--- Provided records Enclosed Below ---

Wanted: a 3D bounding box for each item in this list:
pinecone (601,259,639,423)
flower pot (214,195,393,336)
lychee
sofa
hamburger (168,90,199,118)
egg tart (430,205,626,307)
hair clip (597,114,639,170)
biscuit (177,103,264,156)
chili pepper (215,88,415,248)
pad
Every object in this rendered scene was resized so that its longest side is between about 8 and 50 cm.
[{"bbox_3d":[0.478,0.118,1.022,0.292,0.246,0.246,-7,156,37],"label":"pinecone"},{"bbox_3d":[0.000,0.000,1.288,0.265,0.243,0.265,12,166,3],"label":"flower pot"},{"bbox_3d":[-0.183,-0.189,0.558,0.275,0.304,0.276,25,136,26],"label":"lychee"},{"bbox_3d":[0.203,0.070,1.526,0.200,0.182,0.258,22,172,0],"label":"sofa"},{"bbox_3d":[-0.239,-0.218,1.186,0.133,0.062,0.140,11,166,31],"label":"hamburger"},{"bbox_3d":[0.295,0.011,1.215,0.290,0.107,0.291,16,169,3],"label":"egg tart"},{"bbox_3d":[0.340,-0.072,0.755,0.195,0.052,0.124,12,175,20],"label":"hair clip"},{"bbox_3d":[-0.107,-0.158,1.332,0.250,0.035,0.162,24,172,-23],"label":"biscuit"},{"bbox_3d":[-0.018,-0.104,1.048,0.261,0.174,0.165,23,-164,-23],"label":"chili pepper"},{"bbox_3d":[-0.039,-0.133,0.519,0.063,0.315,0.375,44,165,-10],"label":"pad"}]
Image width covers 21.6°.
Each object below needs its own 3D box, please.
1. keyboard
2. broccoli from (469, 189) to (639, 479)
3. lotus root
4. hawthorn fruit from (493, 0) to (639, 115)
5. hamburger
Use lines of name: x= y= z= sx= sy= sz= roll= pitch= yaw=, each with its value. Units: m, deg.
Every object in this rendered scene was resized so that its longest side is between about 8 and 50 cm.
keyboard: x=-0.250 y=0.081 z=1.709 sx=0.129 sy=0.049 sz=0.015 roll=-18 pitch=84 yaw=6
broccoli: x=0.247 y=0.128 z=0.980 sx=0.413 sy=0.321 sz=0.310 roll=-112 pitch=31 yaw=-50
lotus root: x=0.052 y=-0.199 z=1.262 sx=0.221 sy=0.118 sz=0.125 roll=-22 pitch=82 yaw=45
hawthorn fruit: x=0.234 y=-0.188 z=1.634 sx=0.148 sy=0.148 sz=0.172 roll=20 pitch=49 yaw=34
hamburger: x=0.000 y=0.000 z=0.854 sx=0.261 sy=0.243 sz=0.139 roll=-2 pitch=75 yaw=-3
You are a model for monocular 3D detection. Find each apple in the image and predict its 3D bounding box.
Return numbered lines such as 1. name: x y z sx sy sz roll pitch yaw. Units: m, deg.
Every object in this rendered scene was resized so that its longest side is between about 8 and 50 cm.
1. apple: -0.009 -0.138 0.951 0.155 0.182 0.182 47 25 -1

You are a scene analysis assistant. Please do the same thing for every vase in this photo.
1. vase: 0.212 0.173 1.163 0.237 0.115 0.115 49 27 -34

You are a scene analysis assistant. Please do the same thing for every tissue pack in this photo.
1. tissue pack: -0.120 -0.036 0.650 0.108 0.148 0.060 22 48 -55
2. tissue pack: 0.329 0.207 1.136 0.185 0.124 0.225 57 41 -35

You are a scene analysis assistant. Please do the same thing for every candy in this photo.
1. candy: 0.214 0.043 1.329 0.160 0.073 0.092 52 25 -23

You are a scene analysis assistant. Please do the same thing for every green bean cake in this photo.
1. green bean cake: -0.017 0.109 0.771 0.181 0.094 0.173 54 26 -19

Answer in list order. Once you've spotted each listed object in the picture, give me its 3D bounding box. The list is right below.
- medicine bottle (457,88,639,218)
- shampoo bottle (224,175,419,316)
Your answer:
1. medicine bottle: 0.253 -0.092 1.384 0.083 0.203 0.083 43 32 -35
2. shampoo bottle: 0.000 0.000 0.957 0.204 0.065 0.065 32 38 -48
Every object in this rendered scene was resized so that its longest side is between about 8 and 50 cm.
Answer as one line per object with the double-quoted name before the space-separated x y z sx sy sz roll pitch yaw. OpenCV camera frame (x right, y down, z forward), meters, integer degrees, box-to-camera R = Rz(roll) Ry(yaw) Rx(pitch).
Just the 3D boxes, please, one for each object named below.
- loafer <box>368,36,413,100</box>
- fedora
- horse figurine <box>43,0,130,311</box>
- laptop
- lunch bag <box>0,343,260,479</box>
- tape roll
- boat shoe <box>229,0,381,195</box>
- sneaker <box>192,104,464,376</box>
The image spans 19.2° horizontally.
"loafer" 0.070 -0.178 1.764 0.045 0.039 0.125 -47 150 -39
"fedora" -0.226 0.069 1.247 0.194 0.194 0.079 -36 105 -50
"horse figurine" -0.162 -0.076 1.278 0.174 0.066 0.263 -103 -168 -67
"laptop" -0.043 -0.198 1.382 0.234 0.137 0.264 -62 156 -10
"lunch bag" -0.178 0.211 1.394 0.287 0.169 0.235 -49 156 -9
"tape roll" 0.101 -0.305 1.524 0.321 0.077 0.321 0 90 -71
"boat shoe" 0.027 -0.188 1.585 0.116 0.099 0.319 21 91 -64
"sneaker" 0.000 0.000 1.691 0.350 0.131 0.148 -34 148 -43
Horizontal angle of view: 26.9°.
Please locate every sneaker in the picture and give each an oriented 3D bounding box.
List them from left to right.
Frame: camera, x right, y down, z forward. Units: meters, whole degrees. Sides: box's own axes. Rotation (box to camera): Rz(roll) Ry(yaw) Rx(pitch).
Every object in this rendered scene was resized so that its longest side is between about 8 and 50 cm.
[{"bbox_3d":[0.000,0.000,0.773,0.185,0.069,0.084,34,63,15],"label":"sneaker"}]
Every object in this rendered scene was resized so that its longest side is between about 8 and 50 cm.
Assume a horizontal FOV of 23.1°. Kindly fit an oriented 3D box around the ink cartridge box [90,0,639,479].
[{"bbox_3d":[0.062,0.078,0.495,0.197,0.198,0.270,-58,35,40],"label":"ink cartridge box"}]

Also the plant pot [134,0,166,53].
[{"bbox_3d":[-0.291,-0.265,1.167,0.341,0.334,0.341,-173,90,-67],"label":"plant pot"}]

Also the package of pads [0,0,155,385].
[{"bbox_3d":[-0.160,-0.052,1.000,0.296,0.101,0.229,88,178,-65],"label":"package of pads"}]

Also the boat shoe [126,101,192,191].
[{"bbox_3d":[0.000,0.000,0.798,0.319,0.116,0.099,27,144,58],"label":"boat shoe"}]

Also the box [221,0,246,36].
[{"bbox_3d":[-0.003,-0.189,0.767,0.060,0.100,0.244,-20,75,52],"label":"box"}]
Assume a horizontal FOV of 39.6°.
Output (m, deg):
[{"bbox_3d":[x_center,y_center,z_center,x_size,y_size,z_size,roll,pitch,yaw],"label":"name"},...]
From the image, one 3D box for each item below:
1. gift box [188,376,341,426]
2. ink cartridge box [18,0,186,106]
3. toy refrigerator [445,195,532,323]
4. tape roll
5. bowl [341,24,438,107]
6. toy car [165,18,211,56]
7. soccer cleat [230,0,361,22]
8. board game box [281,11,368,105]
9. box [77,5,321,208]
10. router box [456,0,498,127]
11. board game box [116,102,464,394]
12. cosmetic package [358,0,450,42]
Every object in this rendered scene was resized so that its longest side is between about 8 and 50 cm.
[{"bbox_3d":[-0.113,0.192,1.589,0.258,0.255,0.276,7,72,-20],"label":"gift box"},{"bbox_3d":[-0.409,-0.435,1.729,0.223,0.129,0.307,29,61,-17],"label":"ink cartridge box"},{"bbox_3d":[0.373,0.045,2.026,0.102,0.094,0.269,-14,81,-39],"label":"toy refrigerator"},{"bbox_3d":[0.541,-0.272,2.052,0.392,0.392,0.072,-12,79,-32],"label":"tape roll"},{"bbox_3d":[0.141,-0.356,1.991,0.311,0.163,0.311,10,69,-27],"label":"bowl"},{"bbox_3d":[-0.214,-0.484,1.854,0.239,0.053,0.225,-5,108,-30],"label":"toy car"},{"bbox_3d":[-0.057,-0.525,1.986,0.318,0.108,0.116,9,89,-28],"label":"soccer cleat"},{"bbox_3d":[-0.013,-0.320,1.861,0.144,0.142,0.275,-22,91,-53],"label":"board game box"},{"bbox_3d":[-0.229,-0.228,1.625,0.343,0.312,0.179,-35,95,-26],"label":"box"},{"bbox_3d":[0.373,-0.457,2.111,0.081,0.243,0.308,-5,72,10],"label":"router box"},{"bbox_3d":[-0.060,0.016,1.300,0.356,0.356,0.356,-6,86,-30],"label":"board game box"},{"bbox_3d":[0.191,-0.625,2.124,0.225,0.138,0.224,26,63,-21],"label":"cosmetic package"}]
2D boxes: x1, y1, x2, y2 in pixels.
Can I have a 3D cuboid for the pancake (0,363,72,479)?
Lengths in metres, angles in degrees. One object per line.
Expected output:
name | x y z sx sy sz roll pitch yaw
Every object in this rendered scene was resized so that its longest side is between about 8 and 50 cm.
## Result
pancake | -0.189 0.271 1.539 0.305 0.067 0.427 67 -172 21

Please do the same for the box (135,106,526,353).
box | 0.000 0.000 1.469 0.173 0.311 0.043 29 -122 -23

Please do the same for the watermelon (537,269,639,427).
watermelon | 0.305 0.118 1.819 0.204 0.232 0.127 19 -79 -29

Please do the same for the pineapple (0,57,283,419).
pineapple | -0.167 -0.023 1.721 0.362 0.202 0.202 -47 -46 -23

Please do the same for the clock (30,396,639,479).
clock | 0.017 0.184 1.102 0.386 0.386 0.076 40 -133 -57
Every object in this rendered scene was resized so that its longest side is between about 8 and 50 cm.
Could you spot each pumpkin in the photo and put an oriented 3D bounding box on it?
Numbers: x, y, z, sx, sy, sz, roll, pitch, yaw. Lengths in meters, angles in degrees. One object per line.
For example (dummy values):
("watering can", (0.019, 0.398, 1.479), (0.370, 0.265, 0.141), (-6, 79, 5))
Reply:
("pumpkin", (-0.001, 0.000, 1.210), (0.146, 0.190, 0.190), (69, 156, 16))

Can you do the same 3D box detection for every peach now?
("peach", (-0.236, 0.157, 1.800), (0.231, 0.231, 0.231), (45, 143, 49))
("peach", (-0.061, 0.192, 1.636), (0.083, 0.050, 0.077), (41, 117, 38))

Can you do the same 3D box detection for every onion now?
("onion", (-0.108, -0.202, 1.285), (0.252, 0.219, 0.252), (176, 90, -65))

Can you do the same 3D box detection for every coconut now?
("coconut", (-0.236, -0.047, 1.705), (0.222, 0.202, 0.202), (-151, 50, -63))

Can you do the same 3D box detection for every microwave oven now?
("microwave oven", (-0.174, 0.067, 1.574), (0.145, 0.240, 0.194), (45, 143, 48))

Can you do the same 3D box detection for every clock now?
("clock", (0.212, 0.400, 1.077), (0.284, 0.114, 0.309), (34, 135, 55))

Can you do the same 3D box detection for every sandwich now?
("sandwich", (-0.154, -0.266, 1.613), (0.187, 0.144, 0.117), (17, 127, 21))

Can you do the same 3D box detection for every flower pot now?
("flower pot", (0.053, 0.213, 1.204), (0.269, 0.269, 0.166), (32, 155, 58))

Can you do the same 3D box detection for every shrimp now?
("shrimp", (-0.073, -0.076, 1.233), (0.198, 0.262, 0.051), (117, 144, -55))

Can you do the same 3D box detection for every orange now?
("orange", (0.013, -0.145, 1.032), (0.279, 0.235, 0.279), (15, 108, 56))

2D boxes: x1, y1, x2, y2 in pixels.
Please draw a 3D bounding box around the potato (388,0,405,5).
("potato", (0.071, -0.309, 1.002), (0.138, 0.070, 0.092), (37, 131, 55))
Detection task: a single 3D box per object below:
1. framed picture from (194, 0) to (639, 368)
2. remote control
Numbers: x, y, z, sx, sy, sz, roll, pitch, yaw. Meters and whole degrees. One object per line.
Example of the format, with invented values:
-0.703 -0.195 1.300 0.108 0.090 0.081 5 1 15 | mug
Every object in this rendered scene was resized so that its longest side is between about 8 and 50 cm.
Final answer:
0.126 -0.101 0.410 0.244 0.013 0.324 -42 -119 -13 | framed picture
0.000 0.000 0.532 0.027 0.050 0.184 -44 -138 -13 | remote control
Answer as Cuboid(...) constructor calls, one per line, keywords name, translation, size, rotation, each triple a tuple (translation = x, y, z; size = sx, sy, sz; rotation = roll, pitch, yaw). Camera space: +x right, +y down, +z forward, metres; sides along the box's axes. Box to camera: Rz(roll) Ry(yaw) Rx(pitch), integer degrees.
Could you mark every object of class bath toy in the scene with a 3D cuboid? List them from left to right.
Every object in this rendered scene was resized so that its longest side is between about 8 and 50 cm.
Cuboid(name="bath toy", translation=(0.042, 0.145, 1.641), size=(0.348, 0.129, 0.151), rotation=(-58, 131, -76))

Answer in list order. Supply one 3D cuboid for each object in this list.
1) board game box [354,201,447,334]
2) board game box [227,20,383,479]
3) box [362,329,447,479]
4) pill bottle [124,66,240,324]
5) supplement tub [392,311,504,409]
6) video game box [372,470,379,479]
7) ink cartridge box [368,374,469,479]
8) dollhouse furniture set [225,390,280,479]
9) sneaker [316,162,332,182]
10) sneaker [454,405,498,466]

--- End of Enclosed Provided records ---

Task objective> Check each line of the records above for the string "give", and report every line that has it.

Written answer>
Answer in list order. Once you've spotted each listed object in the picture, give me its 3D bounding box. The list is right below.
Please locate every sneaker in the picture and give each an oriented 3D bounding box.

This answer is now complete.